# North Florida Saw Mills



## Milo (Apr 24, 2009)

Well, I'm heading back to Florida, and am hoping some fellow LJ's can give me the heads up on North Florida saw mills where I can get rough cut lumber.

I remember that there is a really good supplier in Blountstown, but they are not a mill. I also found Big River Cypress & Hardwood just outside Blountstown. I'll be in Tallahassee.

Thanks!

Milo


----------



## HerbC (Jul 28, 2010)

Milo,

I can recommend Olen Barfield who runs a mobile sawmill service out of Graceville, FL. I'll send you a pm with his phone number.

Herb


----------



## WDHLT15 (Aug 15, 2011)

Yes, Olen is a fine sawyer.

If you come through Perry, GA on the way, holler at me. I have a sawmill and sell some lumber. I have red oak, white oak, black walnut, pecan, yellow poplar, sweetgum, etc. You can send me a personal message if you are interested.


----------



## Milo (Apr 24, 2009)

WDHLT15,

Heck, I have family in Perry! I might need some of the white oak and poplar soon. Are you right there as you come into town from Tallahassee on 27? You sell it rough cut?

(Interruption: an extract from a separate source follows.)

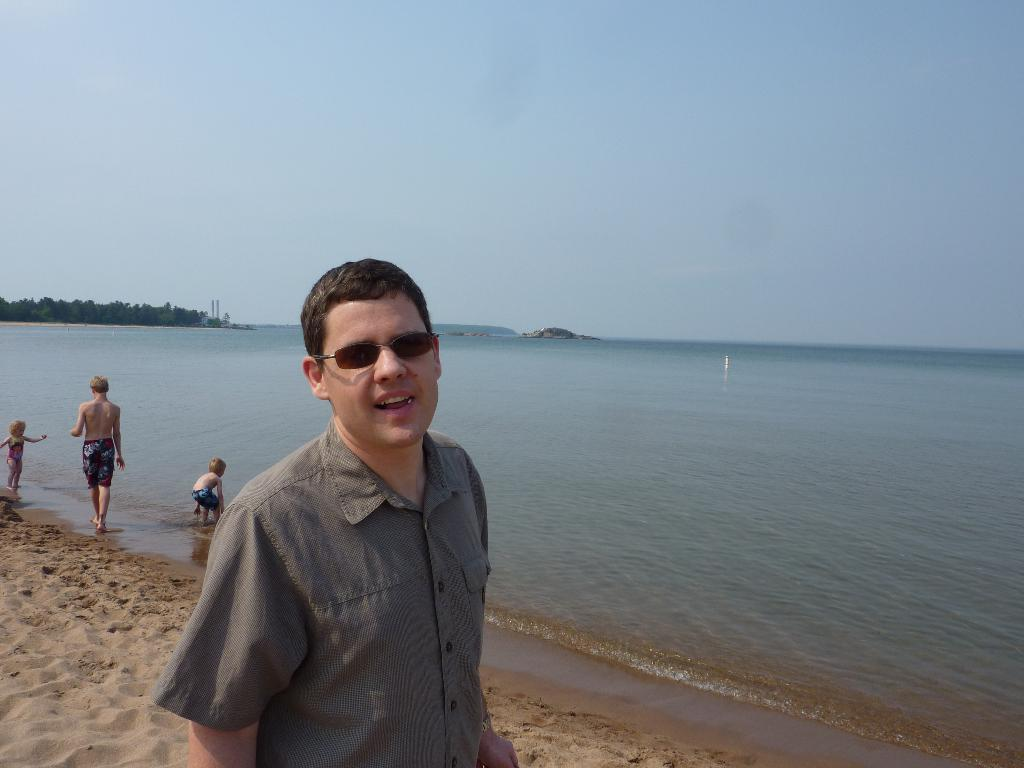Who or what can be seen in the image? There are people in the image. What type of terrain is visible in the image? There is sand and water in the image. What can be seen in the background of the image? There are trees in the background of the image. What is visible at the top of the image? The sky is visible at the top of the image. What type of lip can be seen on the people in the image? There is no mention of any lip or lips on the people in the image.

HerbC, Thank you! I think I see your PM above.


----------



## Bonka (Apr 13, 2012)

Hood Distibution
3160 W. 45th St
Jacksonville, FL 32208
904-783-0170

They are not a sawmill but have a huge warehouse full of lumber from 4/4 on up. They will sell one board @ a time or 100's BF.
I use them and they have good poducts.


----------



## WDHLT15 (Aug 15, 2011)

Milo,

I am in Perry, Georgia just off I-75, not Perry, Florida!


----------



## TheRusticMan (Dec 13, 2015)

WDHLT: I am in need of some hickory and or black walnut. I am in South Georgia. Do you still mill and sell lumber.


----------



## WDHLT15 (Aug 15, 2011)

I have some black walnut, but no hickory. Will have some pecan (which is a hickory) in a couple of months.


----------



## derrickparks57 (Apr 11, 2013)

The supplier in Blountstown only sells by the semi truckload now they no longer sell in smaller quantities. I'm in Panama City, and have a hard time finding places to get lumber nowadays.


----------



## TheRusticMan (Dec 13, 2015)

Danny, Thanks for getting back to me. I am new to the forum so I am unable to send PM's yet, can you send me one with your contact info. I wanted to get some pricing on some 6/4 Black Walnut boards I need enough for a 55"x38" table top.


----------



## WDHLT15 (Aug 15, 2011)

Rusticman,

Sorry, I am out of 6/4 walnut.


----------